Azawakh-Oska

Azawakh-Oska

DISPARITION DE GUY MAZEL, UN DES ACTEURS DE LA RECONNAISSANCE DE LA RACE

 

IN MEMORIAM GUY MAZEL

amoureux du lévrier Sloughi

et parrain du lévrier de l'Azawakh-Oska

 

Guy Mazel vient de nous quitter. Samedi matin son fils aîné Vincent m'a appelé pour me dire qu'il venait de trouver son père éteint, dans le fauteuil de son salon. Sans alerte, sans signe précurseur, il était allé rejoindre Monique, son épouse, décédée un an plus tôt après un long et pénible déclin.

Presque nonagénaire, Guy avait gardé la discipline corporelle apprise dans une formation de commando parachutiste, au Maghreb. Une diète stricte mais jouissive, et une demi-heure de culture physique (avec barres, poulies et haltères) chaque soir dans son garage, avant d'aller au lit.

Guy avait contracté l'amour du Sloughi dans sa jeunesse au Maroc, où il avait exercé la fonction d' ingénieur pour les télécoms.

Et c'est le Sloughi qui nous avait permis de nous rencontrer à Paris en 70 lors de la relance du Club du Sloughi. C'était l'époque de Devillard, Duconte, Pascon, Mauvy, et du couple Przezdziecki-Rey...

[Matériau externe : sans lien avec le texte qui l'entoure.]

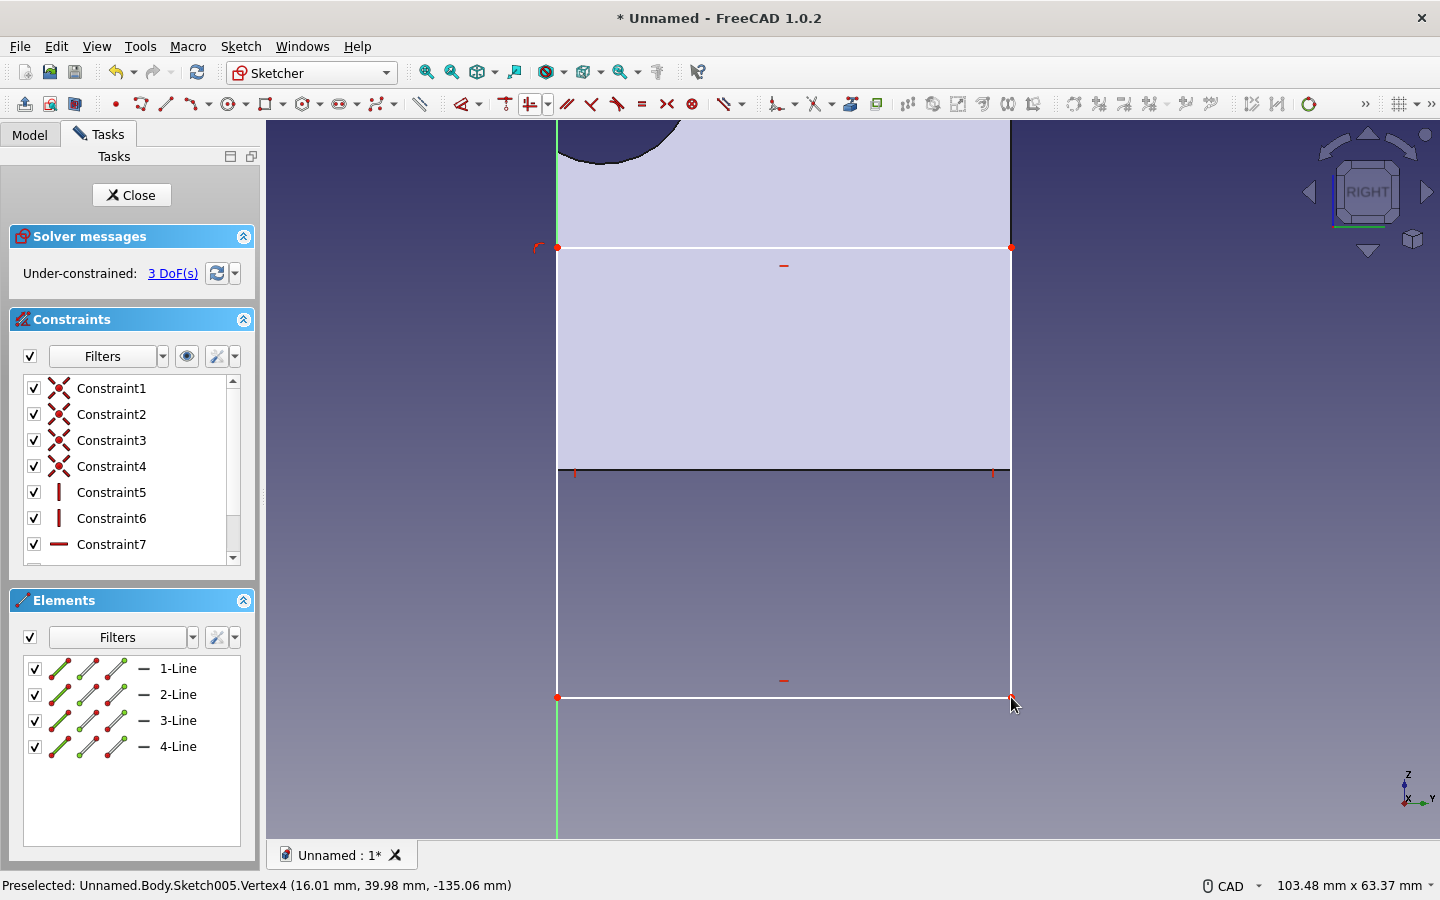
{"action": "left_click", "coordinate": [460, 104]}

Guy a été un élément dynamique et très actif de cette renaissance. Sa position à la direction des Télécoms nous facilitait les contacts téléphoniques avec le monde entier, et notamment le Maroc.

Il était le trésorier du club; nous étions jusqu'à avant hier les deux derniers survivants encore actifs de cette aventure cynophilique.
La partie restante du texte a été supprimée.